I discovered an integer sequence that I call the Half-Fib sequence. I call it the Half-Fib sequence, because it is like the Fibonacci sequence, except that terms are halved before being added, if they are even. In order to make this sequence work, the sequence cannot start with 1,1 or 1,2. Instead, 1,3, can be chosen to produce:

1, 3, 4, 5, 7, 12, 13, 19, 32, 35, 51, 86, 94, 90, 92, 91, 137, 228, 251, 365, 616, 673, 981, 1654, 1808, 1731, 2635, 4366, 4818, 4592, 4705, 7001, 11706, 12854, 12280, 12567, 18707, 31274, 34344, 32809, 49981, 82790, 91376, 87083, 132771, 219854, 242698, 231276, 236987, 352625, 589612, 647431, 942237, 1589668, 1737071, 2531905, 4268976, 4666393, 6800881, 11467274, 12534518, 12000896, 12267707, 18268155, 30535862, 33536086, 32035974, 32786030, 32411002, 32598516, 32504759, 48804017, 81308776, 89458405, 130112793, 219571198, 239898392, 229734795, 349683991, 579418786, 639393384, 609406085, 929102777, 1538508862, 1698357208, 1618433035, 2467611639, 4086044674, 4510633976, 4298339325, 6553656313, 10851995638, 11979654132, 11415824885, 17405651951, 28821476836, 31816390369, 46227128787, 78043519156

For example,

1 + 3 = 4

3 + 4/2 = 5

4/2 + 5 = 7

5 + 7 = 12

7 + 12/2 = 13

This sequence is similar to the 3x+1 sequence in that the pattern of even and odd numbers is somewhat unpredictable. It also seems similar to the classic Fibonacci sequence, in that the terms appear to grow in a roughly geometric way.

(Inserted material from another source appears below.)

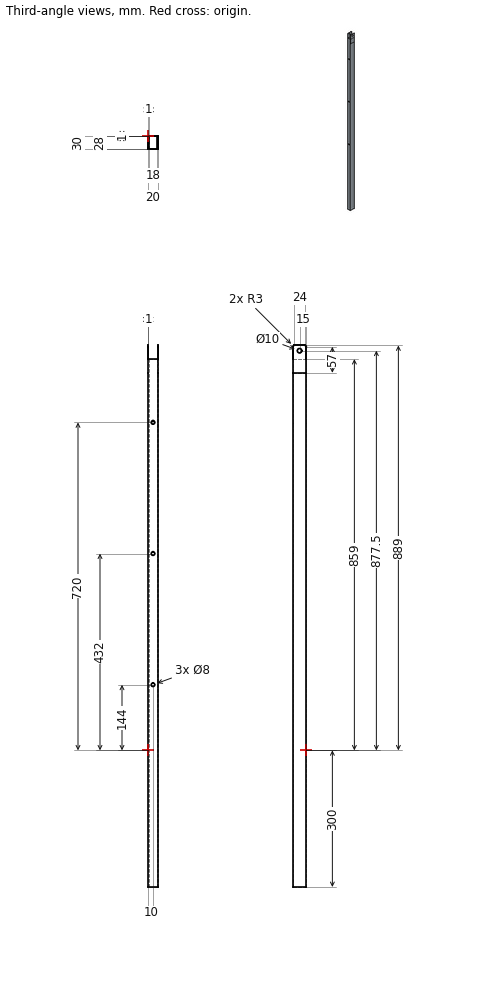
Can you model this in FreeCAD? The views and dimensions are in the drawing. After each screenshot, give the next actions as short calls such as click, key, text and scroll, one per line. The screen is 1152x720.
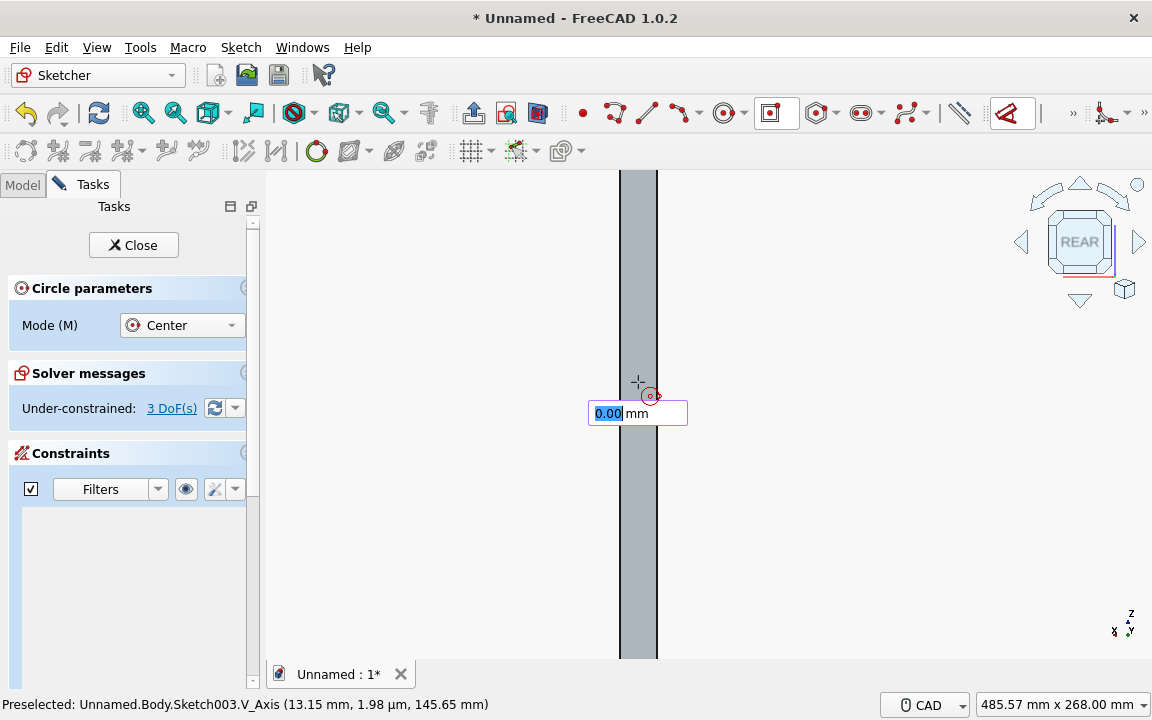
scroll(633, 377, up, 4)

If you want to generate the sequence in Mathematica, you can use the Module:

HalfFib[a_, b_, n_] := Module[{HF, i},

HF = {a, b};

For [i = 3, i < n, i++,

HF =

Append[HF,

HF[[i - 2]]/(2 - Mod[HF[[i - 2]], 2]) +

HF[[i - 1]]/(2 - Mod[HF[[i - 1]], 2])]];

HF]

Using this Mathematica module, I was able to generate the above sequence with HalfFib[1,3,100].

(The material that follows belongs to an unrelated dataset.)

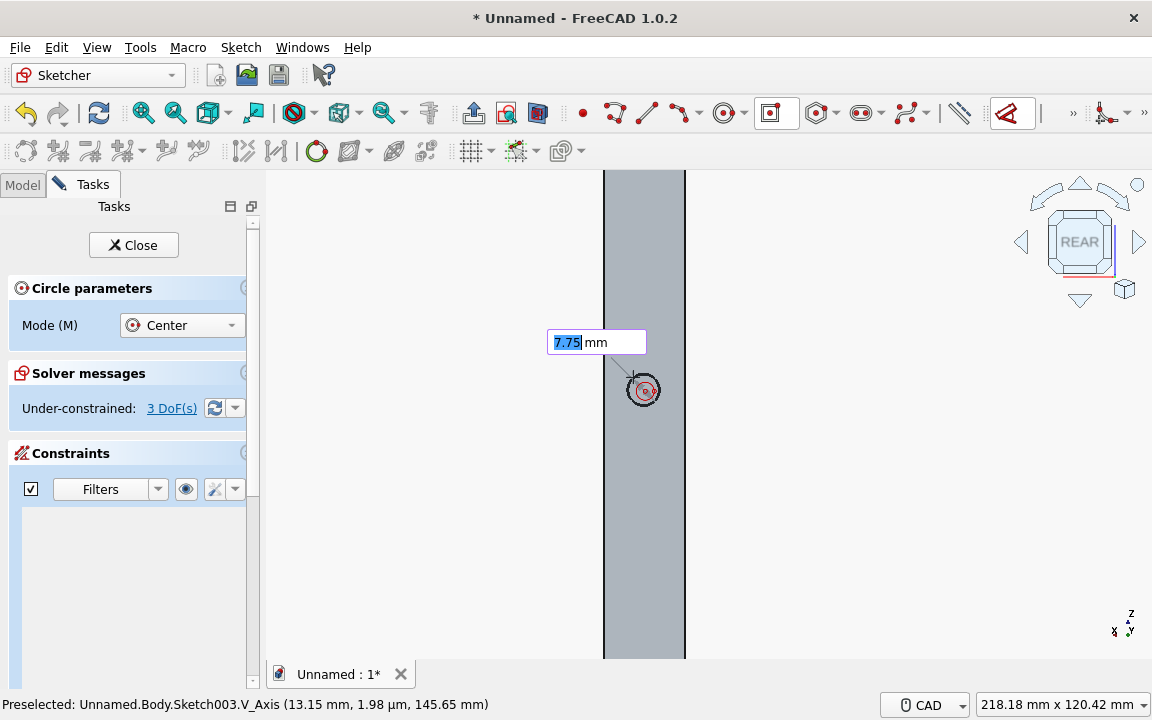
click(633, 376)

- For Half-Fib sequences that start with a pair of unique positive integers other than {1,2}, or {2,1} the sequence has no maximum value.

- If the sequence grows indefinitely, then the ratio of even terms to odd terms is 1:1 in the limit.
- Like a random walk, there is no maximum difference between the number of even and odd terms in the initial subsequences.